# Reduction of child support



## Cheshire Cat (Jul 10, 2013)

Hi all,

First, my husband and I are not yet in R. We have been separated for almost 3 years now and we started talking about R in spring. There have been many ups and downs because my husband is still somewhat (or very?) wayward but things are getting better even though very slowly we are both still at the R table.

I filed for divorce in November /2011 but recently dropped it because our R talk got more serious. 

The latest development is, last Sunday, during a phone conversation he told me that he has a child support check for me. He got fired from his previous job in summer and the last payment (through CS collection agency) was deposited into my account in September.

With his new much less paying job the collection has not been set up and he calculated the amount of the check which is now almost a half of what it was before and told me that is all he could afford. (I haven't seen his pay stub)

In the meantime, his house is now in pending foreclosure and had to hire a lawyer to deal with it, but also paid (I don’t know how much) for this personal trainer certification course that he has been attending since September.

My initial thought was No way, until we physically move back in together, he has to keep giving me the same amount no questions asked.

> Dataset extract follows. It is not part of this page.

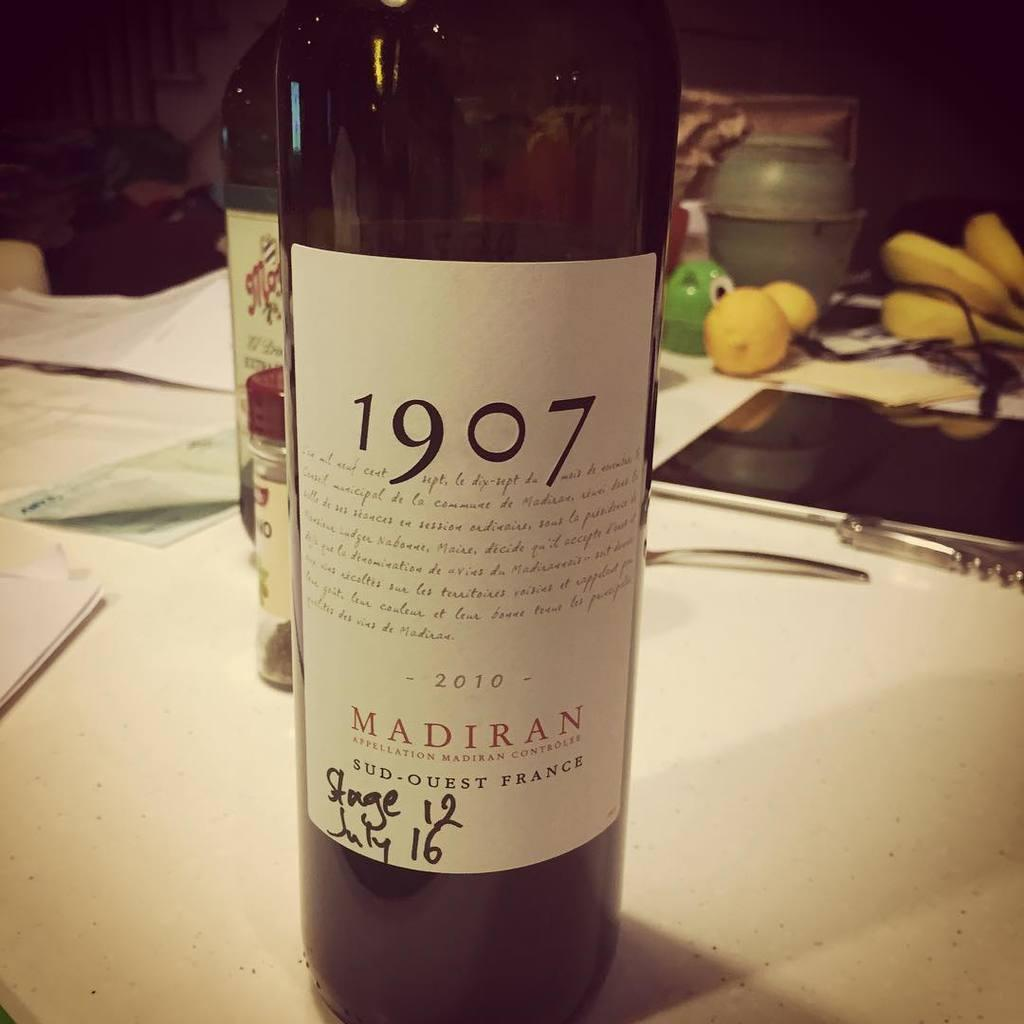<image>
Summarize the visual content of the image. A bottle of wine that says 1907 is on a counter with papers on it. 
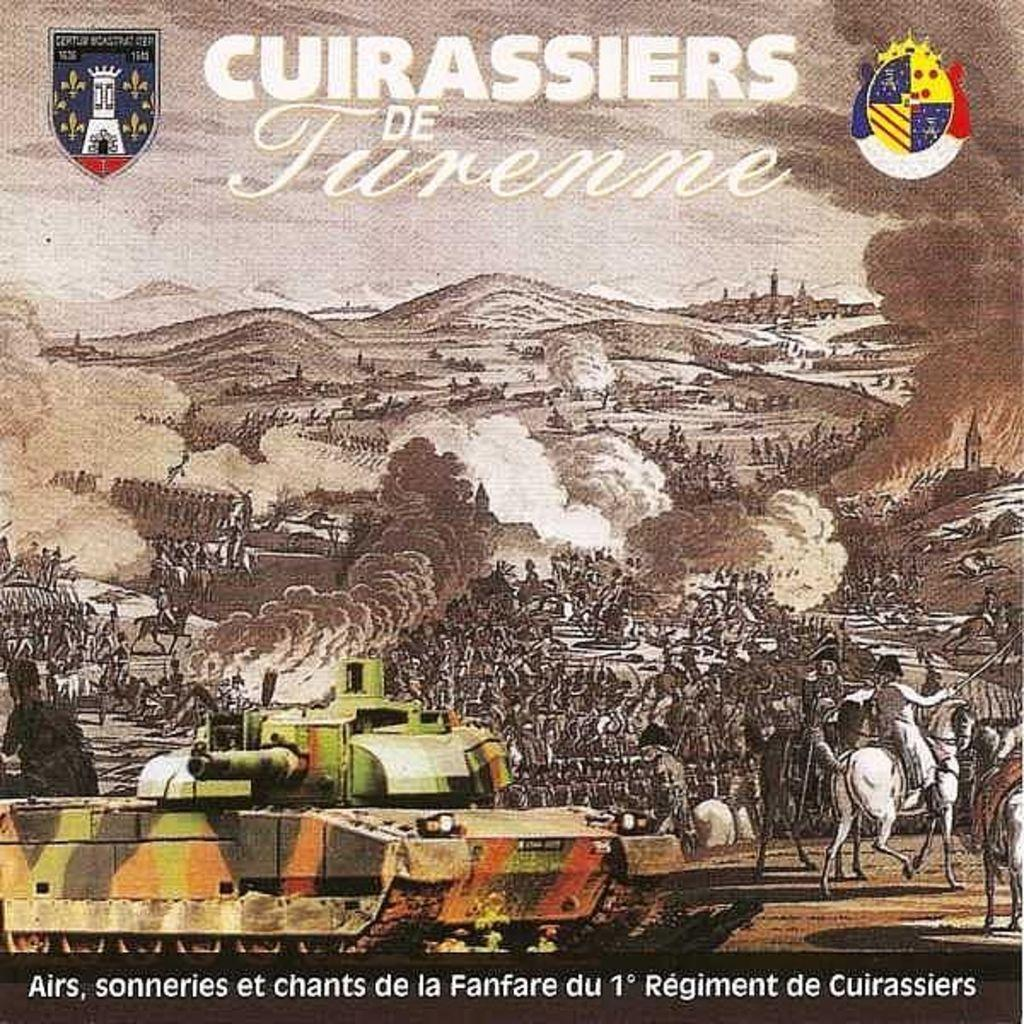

But on the other hand, since we are in R talk, I feel that I should be understanding and be willing to work with him. The thing is, I want to set the move back in date. R won’t start until we physically live together and also I don’t want to go for indefinite period of time with just a half of CS money I used to receive.

What would you guys say? In a perfect world, we should move back in when all the issues are completely solved and we are both 100% ready but it’s also true that as far as we stay separated we won’t even get to real R.

Things are not looking too promising but I am not quite ready to walk away yet. Sometimes I wish I could just finalize the divorce and get out of this limbo. I am tired.

Any input will be greatly appreciated.


----------